Beneath this task are the entries; from the line with "techniques: printing, pen" through the last one, transcribe every line exactly and nothing else, skipping pictures.

Start of SUPPLIED RECORDS

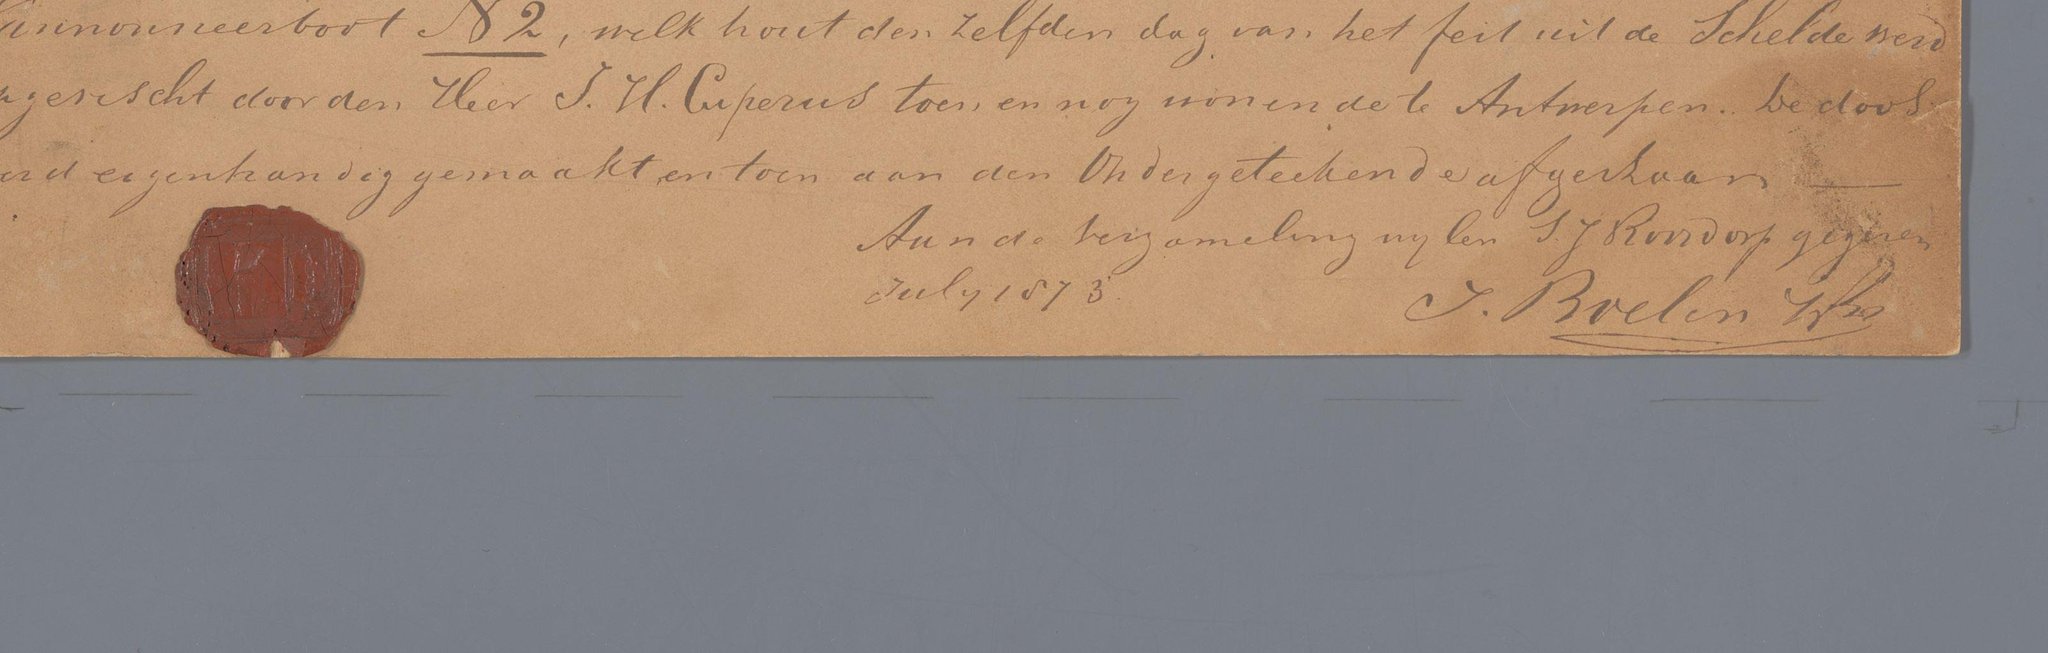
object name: verklaring
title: Verklaring van herkomst van het kistje vervaardigd van het hout van de kanonneerboot No. 2 van J.C.J. van Speyk
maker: j. boelen
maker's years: 1810-1890
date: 1807-1873
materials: cardboard, ink, paper, red lacquer
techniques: printing, pen
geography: netherlands
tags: amsterdam, antwerp, jan van speyk
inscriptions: inscription: ‘De Ondergeteekende verklaart voor echt en waar dat de doos waarinliggen de overblijfselen van J.C.J. van Speyk zich bevinden, is gemaakt van het hout van de Kannonneerboot N2, welk hout den zelfden dag van het feit uit de Schelde werd opgevischt door den Heer I.H. Cuperus toen en nog wonende te Antwerpen. De doos werd eigenhandig gemaakt en toen aan den Ondergeteekende afgestaan__ Aan de verzameling wijlen S.J. Roosdorp gegeven July 1873 J. Boelen Jkzn’
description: Volgens de verklaring werd het hout op 5 februari 1831 door Cuperus uit de Schelde gevist. Hij maakte er eigenhandig het kistje van, die hij naar Boelen opstuurde. Boelen schonk op zijn beurt het object aan de verzameling van 'wijlen S.J. Roosdorp' in 1873.
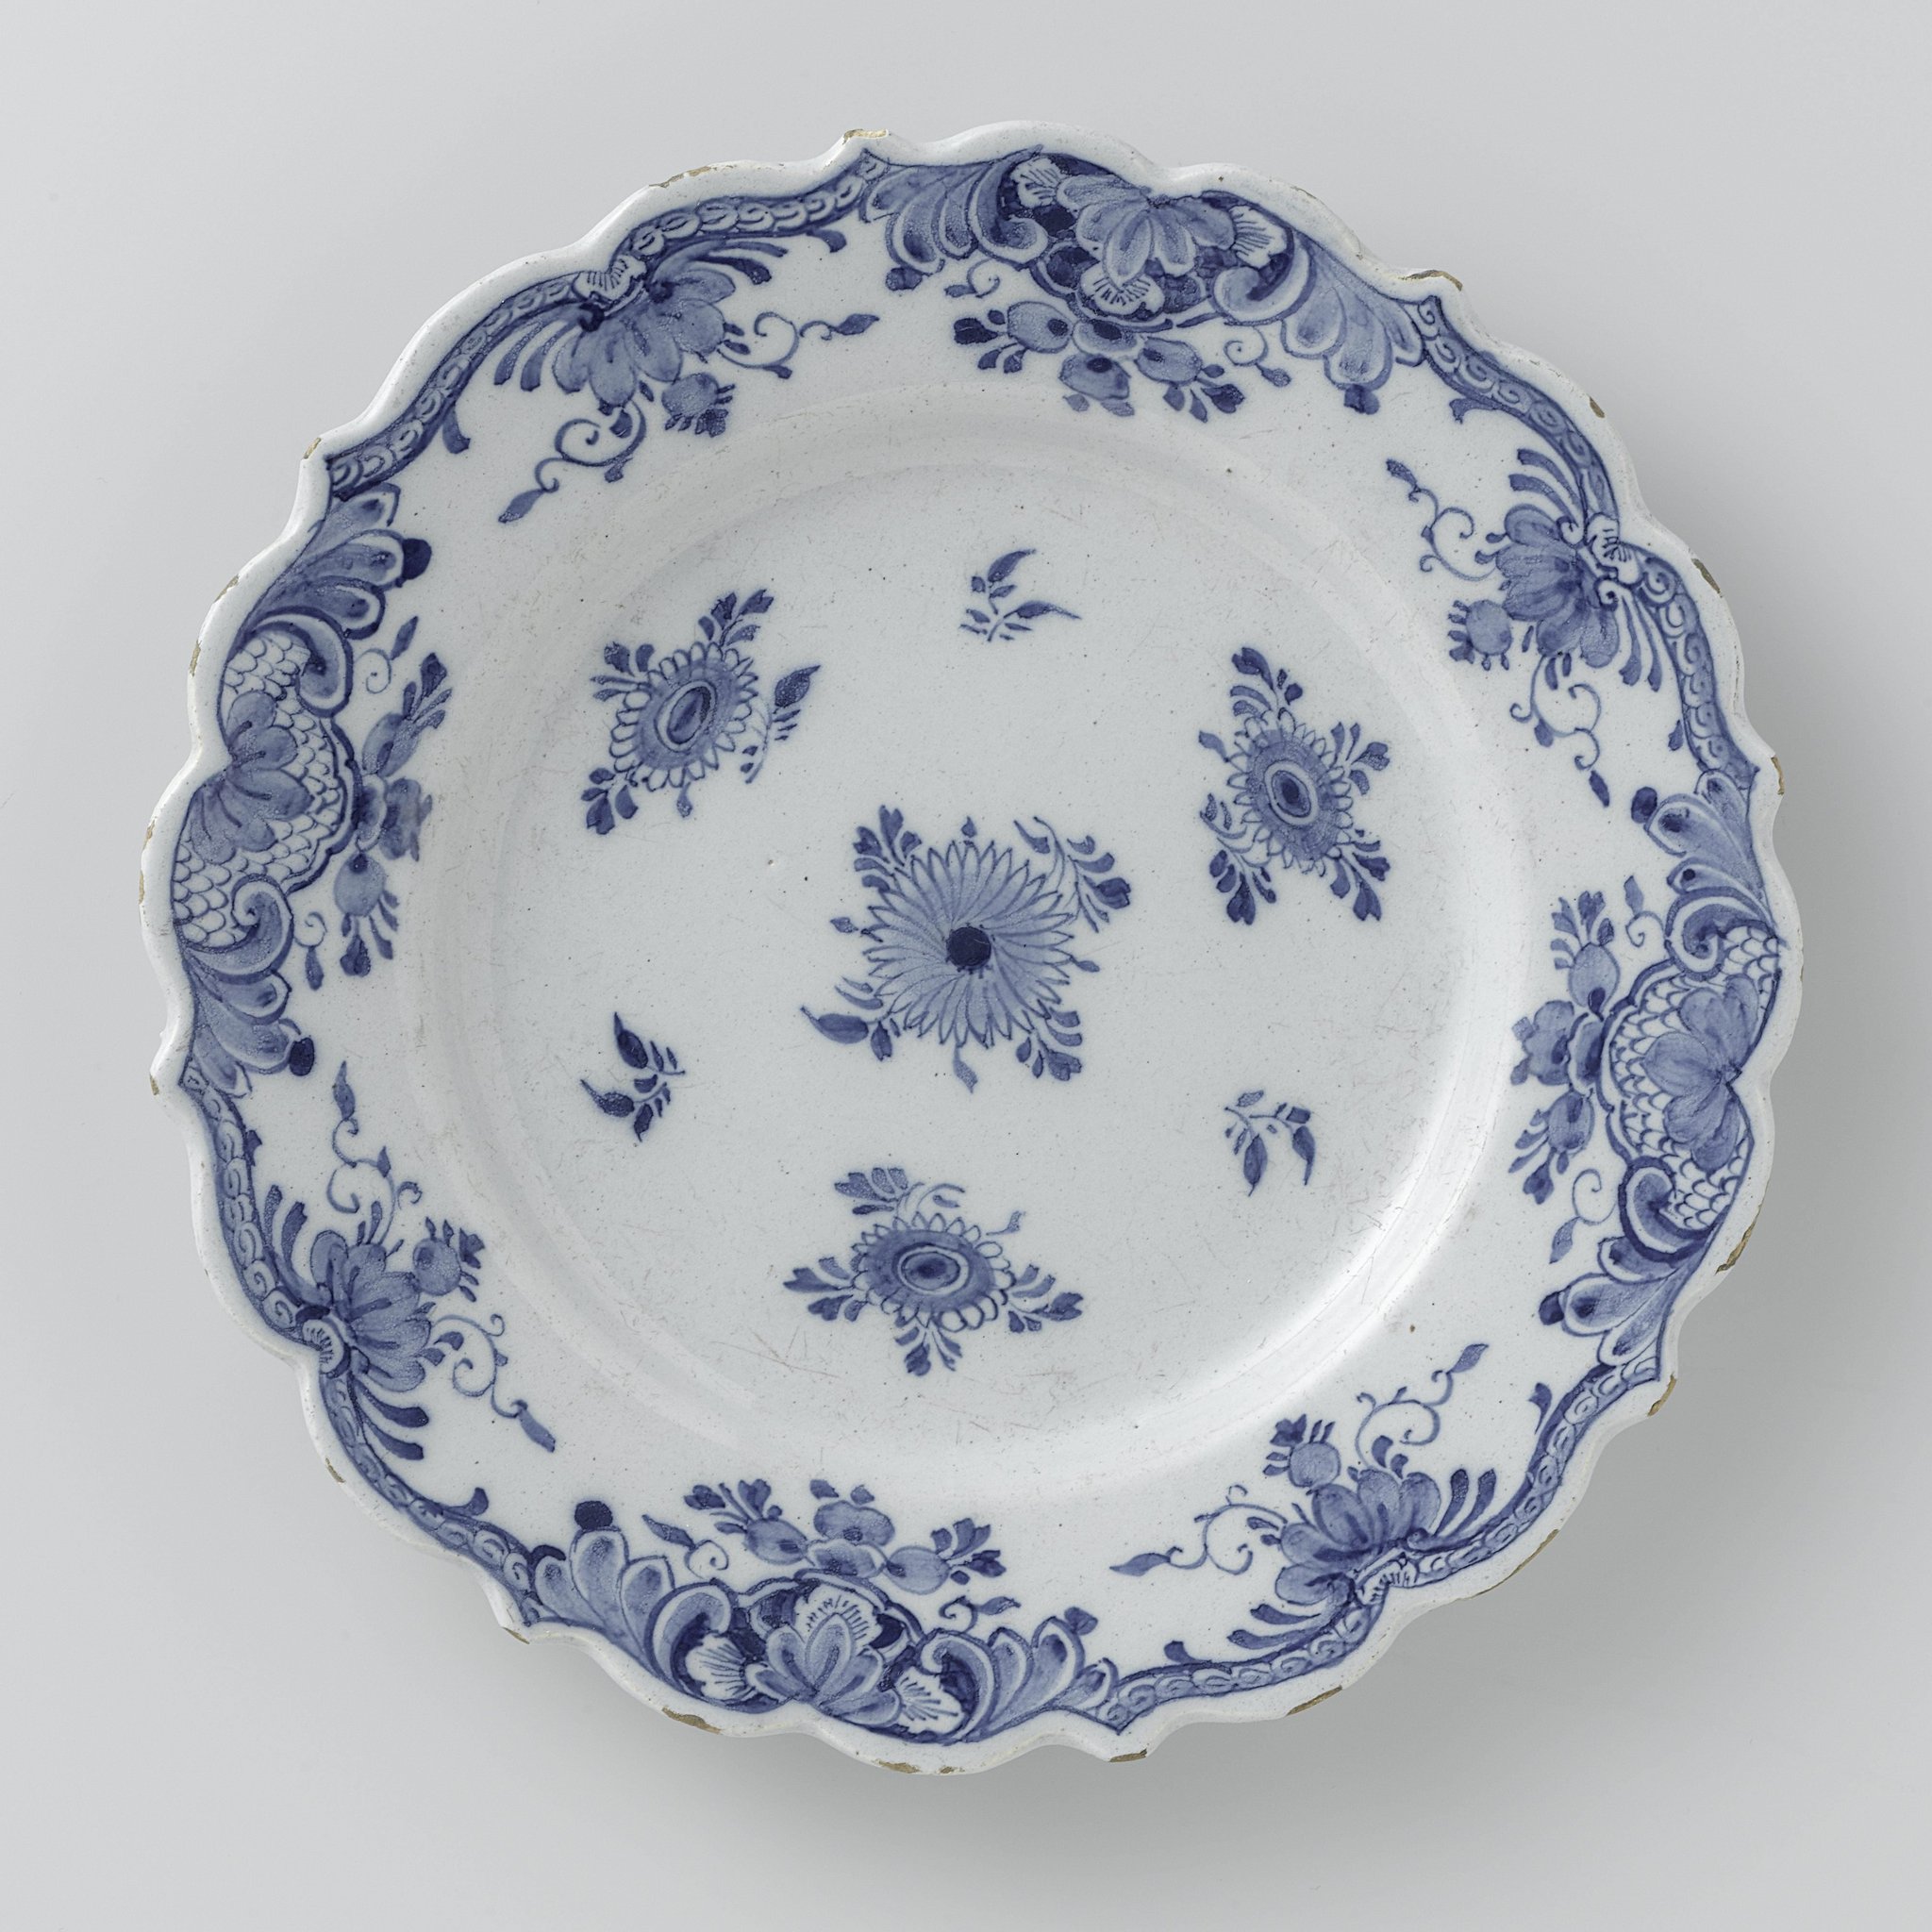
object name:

End of SUPPLIED RECORDS

→ RESPONSE TO THIS EXERCISE
techniques: printing, pen
geography: netherlands
tags: amsterdam, antwerp, jan van speyk
inscriptions: inscription: ‘De Ondergeteekende verklaart voor echt en waar dat de doos waarinliggen de overblijfselen van J.C.J. van Speyk zich bevinden, is gemaakt van het hout van de Kannonneerboot N2, welk hout den zelfden dag van het feit uit de Schelde werd opgevischt door den Heer I.H. Cuperus toen en nog wonende te Antwerpen. De doos werd eigenhandig gemaakt en toen aan den Ondergeteekende afgestaan__ Aan de verzameling wijlen S.J. Roosdorp gegeven July 1873 J. Boelen Jkzn’
description: Volgens de verklaring werd het hout op 5 februari 1831 door Cuperus uit de Schelde gevist. Hij maakte er eigenhandig het kistje van, die hij naar Boelen opstuurde. Boelen schonk op zijn beurt het object aan de verzameling van 'wijlen S.J. Roosdorp' in 1873.
object name:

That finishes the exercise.